We’re looking for people with a strong background in working with an organization to shape the SRE practice from the ground up. And, as with all roles here, you should be comfortable learning new skills and mentoring others new to the space.
You’ll be working on
- Helping to improve and refine our on-call and incident management process, how we handle incidents and how we learn from them
- Updating and maintaining our development and production environments’ observability to ensure they are reliable and available
- Working to further improve our disaster recovery plan and acting as a mentor for the rest of engineering around how to plan for these types of incidents
- Refining and improving our Service Level Objectives to help us improve our internal Service Level Agreements and Indicators
We’re looking for someone who
- Has experience as an SRE working to help ensure the reliability, stability and scalability of applications by increasing observability
- Has experience working on Developer Empowerment by implementing and advocating for tooling automation for engineering teams
- Is looking to help educate and mentor not only our engineers but the larger FireHydrant organization on best-practices for site and service reliability
- Is excited to pilot new programs to help us grow in our incident response maturity by running Game Days, running audits around availability and performance, and to continue to improve our customer experience
Life at FireHydrant
- We’re remote-first with engineers around the US, our headquarters is in NYC (Union Square)
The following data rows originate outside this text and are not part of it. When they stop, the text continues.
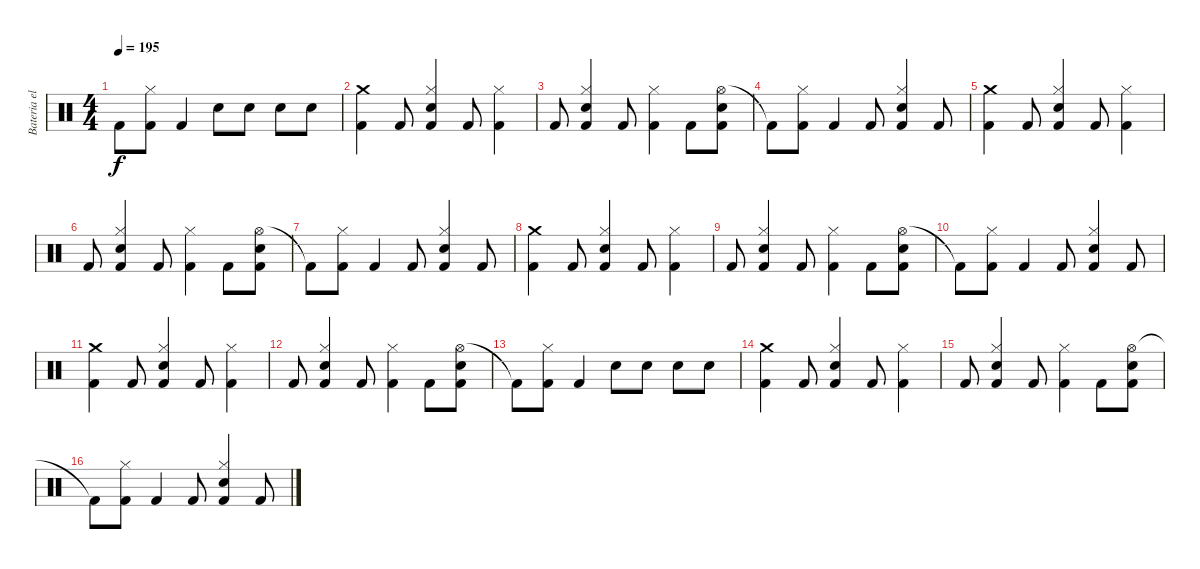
\track ("Bateria electrica" "Bateria el") {instrument percussion}
\staff {score}
\articulation defaults
\ts (4 4)
\tempo 195
\clef neutral
\ks c "Kick (hit) 2"{t}.8{dy f}
("Hi-Hat (closed)" "Kick (hit) 2").8 "Kick (hit) 2".4 "Snare (hit) 2".8 "Snare (hit) 2".8 "Snare (hit) 2".8 "Snare (hit) 2".8 |
("Crash medium (hit)" "Kick (hit) 2").4 "Kick (hit) 2".8 ("Hi-Hat (closed)" "Kick (hit) 2" "Snare (hit) 2").4 "Kick (hit) 2".8 ("Hi-Hat (closed)" "Kick (hit) 2").4 |
"Kick (hit) 2".8 ("Hi-Hat (closed)" "Kick (hit) 2" "Snare (hit) 2").4 "Kick (hit) 2".8 ("Hi-Hat (closed)" "Kick (hit) 2").4 "Kick (hit) 2".8 ("Hi-Hat (open)" "Kick (hit) 2" "Snare (hit) 2").8 |
"Kick (hit) 2"{t}.8 ("Hi-Hat (closed)" "Kick (hit) 2").8 "Kick (hit) 2".4 "Kick (hit) 2".8 ("Hi-Hat (closed)" "Kick (hit) 2" "Snare (hit) 2").4 "Kick (hit) 2".8 |
("Crash medium (hit)" "Kick (hit) 2").4 "Kick (hit) 2".8 ("Hi-Hat (closed)" "Kick (hit) 2" "Snare (hit) 2").4 "Kick (hit) 2".8 ("Hi-Hat (closed)" "Kick (hit) 2").4 |
"Kick (hit) 2".8 ("Hi-Hat (closed)" "Kick (hit) 2" "Snare (hit) 2").4 "Kick (hit) 2".8 ("Hi-Hat (closed)" "Kick (hit) 2").4 "Kick (hit) 2".8 ("Hi-Hat (open)" "Kick (hit) 2" "Snare (hit) 2").8 |
"Kick (hit) 2"{t}.8 ("Hi-Hat (closed)" "Kick (hit) 2").8 "Kick (hit) 2".4 "Kick (hit) 2".8 ("Hi-Hat (closed)" "Kick (hit) 2" "Snare (hit) 2").4 "Kick (hit) 2".8 |
("Crash medium (hit)" "Kick (hit) 2").4 "Kick (hit) 2".8 ("Hi-Hat (closed)" "Kick (hit) 2" "Snare (hit) 2").4 "Kick (hit) 2".8 ("Hi-Hat (closed)" "Kick (hit) 2").4 |
"Kick (hit) 2".8 ("Hi-Hat (closed)" "Kick (hit) 2" "Snare (hit) 2").4 "Kick (hit) 2".8 ("Hi-Hat (closed)" "Kick (hit) 2").4 "Kick (hit) 2".8 ("Hi-Hat (open)" "Kick (hit) 2" "Snare (hit) 2").8 |
"Kick (hit) 2"{t}.8 ("Hi-Hat (closed)" "Kick (hit) 2").8 "Kick (hit) 2".4 "Kick (hit) 2".8 ("Hi-Hat (closed)" "Kick (hit) 2" "Snare (hit) 2").4 "Kick (hit) 2".8 |
("Crash medium (hit)" "Kick (hit) 2").4 "Kick (hit) 2".8 ("Hi-Hat (closed)" "Kick (hit) 2" "Snare (hit) 2").4 "Kick (hit) 2".8 ("Hi-Hat (closed)" "Kick (hit) 2").4 |
"Kick (hit) 2".8 ("Hi-Hat (closed)" "Kick (hit) 2" "Snare (hit) 2").4 "Kick (hit) 2".8 ("Hi-Hat (closed)" "Kick (hit) 2").4 "Kick (hit) 2".8 ("Hi-Hat (open)" "Kick (hit) 2" "Snare (hit) 2").8 |
"Kick (hit) 2"{t}.8 ("Hi-Hat (closed)" "Kick (hit) 2").8 "Kick (hit) 2".4 "Snare (hit) 2".8 "Snare (hit) 2".8 "Snare (hit) 2".8 "Snare (hit) 2".8 |
("Crash medium (hit)" "Kick (hit) 2").4 "Kick (hit) 2".8 ("Hi-Hat (closed)" "Kick (hit) 2" "Snare (hit) 2").4 "Kick (hit) 2".8 ("Hi-Hat (closed)" "Kick (hit) 2").4 |
"Kick (hit) 2".8 ("Hi-Hat (closed)" "Kick (hit) 2" "Snare (hit) 2").4 "Kick (hit) 2".8 ("Hi-Hat (closed)" "Kick (hit) 2").4 "Kick (hit) 2".8 ("Hi-Hat (open)" "Kick (hit) 2" "Snare (hit) 2").8 |
"Kick (hit) 2"{t}.8 ("Hi-Hat (closed)" "Kick (hit) 2").8 "Kick (hit) 2".4 "Kick (hit) 2".8 ("Hi-Hat (closed)" "Kick (hit) 2" "Snare (hit) 2").4 "Kick (hit) 2".8

- We collaborate through Slack, Zoom, GitHub pull requests, Notion, and Clubhouse
- We believe in a healthy work-life balance; we’re early stage but work reasonable hours and want you to use your vacation time
Benefits
- 100% employer-paid health, vision and dental premiums for the employee and 75% of dependents
- Unlimited vacation policy with a minimum requirement of three weeks off per-year
- Wellness program: reimbursements for your gym membership, athletic equipment, nutrition plans, etc
- Education budget: conferences, books, online courses, etc
- 401k match